TASK PROMPT:
Using the data below, set down every line from the one containing "Assume a horizontal FOV of 31.7°." through the one containing "name,x,y,z,sx,sy,sz,roll,pitch,yaw", inclusive and unchanged. Pictures are to be skipped.

DATA RECORDS:
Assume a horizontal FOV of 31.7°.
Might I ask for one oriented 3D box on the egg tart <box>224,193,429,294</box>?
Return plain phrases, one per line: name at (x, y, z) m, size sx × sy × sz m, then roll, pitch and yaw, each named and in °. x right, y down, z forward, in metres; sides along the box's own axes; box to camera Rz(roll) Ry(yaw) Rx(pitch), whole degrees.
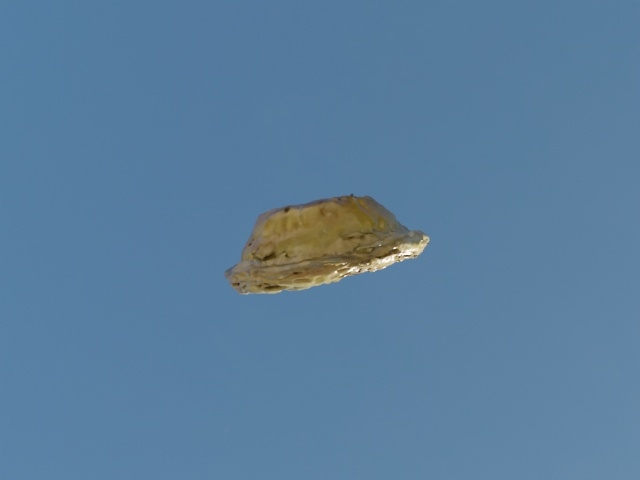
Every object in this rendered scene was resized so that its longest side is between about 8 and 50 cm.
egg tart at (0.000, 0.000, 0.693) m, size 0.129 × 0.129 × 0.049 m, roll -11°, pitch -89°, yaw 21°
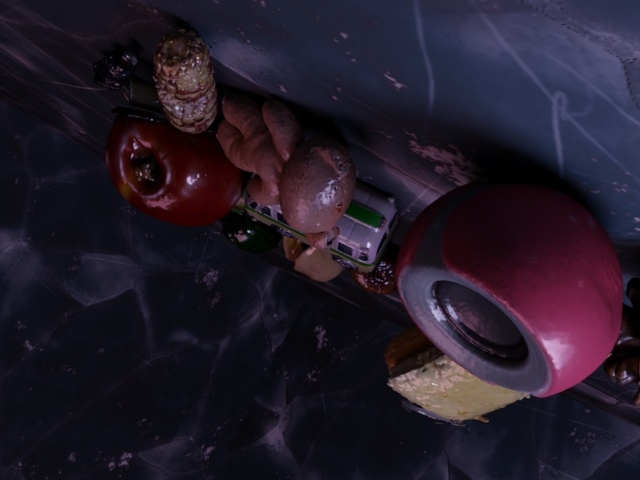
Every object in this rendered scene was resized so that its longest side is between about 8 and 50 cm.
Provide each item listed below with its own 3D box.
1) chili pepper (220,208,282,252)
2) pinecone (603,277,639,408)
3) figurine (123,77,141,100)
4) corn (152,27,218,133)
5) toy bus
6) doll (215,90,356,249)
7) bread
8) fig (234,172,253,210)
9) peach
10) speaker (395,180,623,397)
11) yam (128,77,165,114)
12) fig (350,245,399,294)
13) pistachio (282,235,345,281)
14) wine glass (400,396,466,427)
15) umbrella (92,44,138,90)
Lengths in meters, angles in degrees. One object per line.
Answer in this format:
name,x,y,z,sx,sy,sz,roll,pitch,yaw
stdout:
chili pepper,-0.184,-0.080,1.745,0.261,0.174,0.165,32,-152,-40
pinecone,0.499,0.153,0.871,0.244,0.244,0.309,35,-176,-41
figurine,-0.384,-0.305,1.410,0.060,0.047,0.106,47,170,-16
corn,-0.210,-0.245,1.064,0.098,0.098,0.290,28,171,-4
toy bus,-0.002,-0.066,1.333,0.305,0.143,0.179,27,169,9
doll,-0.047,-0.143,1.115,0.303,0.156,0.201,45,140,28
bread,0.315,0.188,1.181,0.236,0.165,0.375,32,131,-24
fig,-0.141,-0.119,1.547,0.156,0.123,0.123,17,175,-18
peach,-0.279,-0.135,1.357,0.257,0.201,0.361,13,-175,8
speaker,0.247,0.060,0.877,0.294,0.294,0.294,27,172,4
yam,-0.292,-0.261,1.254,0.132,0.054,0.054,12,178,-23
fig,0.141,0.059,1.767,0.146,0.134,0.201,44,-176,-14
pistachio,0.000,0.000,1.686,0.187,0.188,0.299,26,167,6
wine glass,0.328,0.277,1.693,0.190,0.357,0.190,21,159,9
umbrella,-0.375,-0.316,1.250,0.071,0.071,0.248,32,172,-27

* * *

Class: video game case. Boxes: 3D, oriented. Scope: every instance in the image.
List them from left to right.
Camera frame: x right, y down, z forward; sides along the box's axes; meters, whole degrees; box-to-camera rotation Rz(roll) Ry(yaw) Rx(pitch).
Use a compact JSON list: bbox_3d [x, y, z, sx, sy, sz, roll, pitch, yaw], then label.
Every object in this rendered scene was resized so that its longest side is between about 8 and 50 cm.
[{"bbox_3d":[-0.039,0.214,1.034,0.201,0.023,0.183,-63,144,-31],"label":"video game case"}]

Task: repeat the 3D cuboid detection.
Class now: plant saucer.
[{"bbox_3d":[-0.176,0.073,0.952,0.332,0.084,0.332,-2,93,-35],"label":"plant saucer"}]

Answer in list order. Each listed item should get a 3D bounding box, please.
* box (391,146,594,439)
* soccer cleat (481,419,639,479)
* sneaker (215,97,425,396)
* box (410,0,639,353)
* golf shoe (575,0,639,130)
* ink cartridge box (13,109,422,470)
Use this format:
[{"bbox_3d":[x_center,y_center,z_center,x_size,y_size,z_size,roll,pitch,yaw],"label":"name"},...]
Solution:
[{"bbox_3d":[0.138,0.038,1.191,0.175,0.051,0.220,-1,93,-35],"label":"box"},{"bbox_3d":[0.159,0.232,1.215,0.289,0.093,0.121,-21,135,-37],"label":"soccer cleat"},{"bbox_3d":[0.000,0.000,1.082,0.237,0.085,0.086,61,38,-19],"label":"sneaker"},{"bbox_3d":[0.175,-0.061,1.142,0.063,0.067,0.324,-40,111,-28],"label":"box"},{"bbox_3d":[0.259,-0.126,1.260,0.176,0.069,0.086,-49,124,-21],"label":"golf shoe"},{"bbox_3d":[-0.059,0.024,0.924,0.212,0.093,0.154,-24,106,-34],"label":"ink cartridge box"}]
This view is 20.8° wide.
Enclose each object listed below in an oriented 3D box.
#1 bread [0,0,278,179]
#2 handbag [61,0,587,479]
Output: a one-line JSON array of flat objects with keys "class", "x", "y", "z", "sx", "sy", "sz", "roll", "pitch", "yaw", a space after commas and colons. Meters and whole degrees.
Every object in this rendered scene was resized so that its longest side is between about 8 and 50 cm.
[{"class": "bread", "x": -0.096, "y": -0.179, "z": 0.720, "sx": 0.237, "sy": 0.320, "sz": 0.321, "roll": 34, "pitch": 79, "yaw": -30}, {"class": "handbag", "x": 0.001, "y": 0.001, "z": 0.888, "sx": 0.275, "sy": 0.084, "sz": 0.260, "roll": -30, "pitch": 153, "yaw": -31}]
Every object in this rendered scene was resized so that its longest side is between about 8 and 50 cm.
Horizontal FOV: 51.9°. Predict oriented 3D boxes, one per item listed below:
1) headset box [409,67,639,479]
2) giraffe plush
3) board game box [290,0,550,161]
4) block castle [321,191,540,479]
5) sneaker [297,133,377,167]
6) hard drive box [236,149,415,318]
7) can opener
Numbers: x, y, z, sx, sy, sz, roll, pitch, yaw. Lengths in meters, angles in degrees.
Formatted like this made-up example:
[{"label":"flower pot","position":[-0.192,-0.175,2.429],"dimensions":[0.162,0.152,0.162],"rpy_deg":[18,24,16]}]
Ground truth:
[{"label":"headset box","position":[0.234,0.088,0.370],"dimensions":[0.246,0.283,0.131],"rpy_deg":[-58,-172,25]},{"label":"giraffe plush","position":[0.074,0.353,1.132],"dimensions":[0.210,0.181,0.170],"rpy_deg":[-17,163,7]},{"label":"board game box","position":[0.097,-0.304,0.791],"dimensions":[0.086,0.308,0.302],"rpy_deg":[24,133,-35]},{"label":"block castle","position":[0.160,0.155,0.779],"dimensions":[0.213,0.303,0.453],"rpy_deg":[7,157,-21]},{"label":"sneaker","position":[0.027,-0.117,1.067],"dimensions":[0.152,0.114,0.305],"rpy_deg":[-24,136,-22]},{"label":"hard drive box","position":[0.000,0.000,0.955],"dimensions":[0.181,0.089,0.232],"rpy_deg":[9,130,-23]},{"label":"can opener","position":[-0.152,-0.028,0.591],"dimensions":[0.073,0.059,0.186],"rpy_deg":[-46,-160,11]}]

--

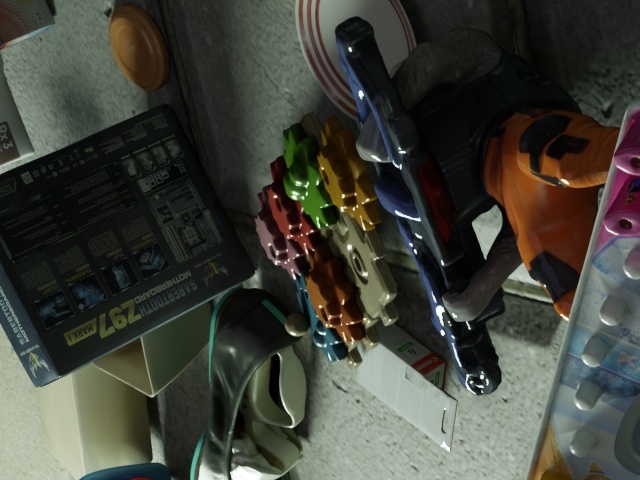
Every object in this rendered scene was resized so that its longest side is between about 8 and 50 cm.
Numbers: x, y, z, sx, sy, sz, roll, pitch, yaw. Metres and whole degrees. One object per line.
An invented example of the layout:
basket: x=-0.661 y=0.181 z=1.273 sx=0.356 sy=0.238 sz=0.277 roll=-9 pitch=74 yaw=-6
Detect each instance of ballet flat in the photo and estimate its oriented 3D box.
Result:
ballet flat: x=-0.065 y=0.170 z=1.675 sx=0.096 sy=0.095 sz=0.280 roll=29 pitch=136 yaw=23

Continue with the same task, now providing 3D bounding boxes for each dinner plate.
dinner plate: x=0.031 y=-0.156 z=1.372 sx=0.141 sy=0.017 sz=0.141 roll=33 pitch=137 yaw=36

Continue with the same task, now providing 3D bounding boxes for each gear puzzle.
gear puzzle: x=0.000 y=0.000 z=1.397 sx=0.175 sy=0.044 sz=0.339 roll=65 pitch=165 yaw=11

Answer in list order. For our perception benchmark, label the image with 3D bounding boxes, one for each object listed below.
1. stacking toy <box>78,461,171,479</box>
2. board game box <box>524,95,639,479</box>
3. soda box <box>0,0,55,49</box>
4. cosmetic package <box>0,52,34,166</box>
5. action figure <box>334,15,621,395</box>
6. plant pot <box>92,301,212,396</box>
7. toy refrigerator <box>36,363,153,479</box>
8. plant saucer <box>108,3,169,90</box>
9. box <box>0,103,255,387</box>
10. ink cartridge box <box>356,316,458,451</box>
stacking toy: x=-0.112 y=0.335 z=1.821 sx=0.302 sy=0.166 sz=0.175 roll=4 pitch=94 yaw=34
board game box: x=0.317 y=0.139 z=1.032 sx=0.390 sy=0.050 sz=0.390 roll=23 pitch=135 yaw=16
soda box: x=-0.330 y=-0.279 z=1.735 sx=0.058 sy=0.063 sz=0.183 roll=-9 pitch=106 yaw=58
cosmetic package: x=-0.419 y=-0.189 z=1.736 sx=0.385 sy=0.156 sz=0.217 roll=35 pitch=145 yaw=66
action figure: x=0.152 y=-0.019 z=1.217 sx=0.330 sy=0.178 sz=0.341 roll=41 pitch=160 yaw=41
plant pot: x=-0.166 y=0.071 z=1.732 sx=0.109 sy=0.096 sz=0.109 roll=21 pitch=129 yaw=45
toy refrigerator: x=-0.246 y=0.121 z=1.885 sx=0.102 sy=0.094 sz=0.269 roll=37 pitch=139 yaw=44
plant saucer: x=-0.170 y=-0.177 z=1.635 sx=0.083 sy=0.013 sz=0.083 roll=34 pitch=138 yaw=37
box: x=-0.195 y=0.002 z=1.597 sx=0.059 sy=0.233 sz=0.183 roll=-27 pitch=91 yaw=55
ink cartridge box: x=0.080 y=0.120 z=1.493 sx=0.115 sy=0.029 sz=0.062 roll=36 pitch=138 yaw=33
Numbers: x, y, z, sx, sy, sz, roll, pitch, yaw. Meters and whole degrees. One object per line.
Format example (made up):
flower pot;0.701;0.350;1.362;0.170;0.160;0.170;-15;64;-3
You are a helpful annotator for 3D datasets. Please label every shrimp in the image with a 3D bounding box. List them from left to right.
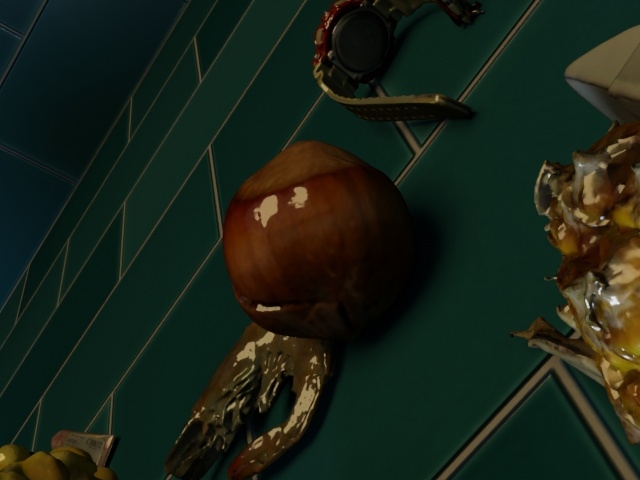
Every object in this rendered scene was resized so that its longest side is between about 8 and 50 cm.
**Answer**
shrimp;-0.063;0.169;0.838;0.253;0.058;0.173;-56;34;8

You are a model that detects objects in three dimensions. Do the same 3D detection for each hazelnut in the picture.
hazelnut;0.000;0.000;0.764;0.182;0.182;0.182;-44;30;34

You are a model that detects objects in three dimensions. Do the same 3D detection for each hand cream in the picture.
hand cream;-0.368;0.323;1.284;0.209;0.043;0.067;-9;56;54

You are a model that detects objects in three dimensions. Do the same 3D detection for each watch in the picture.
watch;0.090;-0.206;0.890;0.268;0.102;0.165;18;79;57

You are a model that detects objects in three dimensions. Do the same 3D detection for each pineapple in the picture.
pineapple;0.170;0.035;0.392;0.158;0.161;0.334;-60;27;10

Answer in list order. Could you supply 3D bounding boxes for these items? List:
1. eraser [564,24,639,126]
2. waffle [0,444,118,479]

SOLUTION TO THIS PROBLEM:
Assume a horizontal FOV of 31.7°.
Might I ask for one oriented 3D box on the egg tart <box>224,193,429,294</box>?
Return plain phrases, one per line: name at (x, y, z) m, size sx × sy × sz m, then roll, pitch and yaw, each named and in °. x right, y down, z forward, in metres; sides along the box's own axes; box to camera Rz(roll) Ry(yaw) Rx(pitch), whole degrees.
Every object in this rendered scene was resized so that its longest side is between about 8 and 50 cm.
egg tart at (0.000, 0.000, 0.693) m, size 0.129 × 0.129 × 0.049 m, roll -11°, pitch -89°, yaw 21°
Every object in this rendered scene was resized so that its longest side is between about 8 and 50 cm.
Provide each item listed below with its own 3D box.
1) chili pepper (220,208,282,252)
2) pinecone (603,277,639,408)
3) figurine (123,77,141,100)
4) corn (152,27,218,133)
5) toy bus
6) doll (215,90,356,249)
7) bread
8) fig (234,172,253,210)
9) peach
10) speaker (395,180,623,397)
11) yam (128,77,165,114)
12) fig (350,245,399,294)
13) pistachio (282,235,345,281)
14) wine glass (400,396,466,427)
15) umbrella (92,44,138,90)
Lengths in meters, angles in degrees. One object per line.
Answer in this format:
name,x,y,z,sx,sy,sz,roll,pitch,yaw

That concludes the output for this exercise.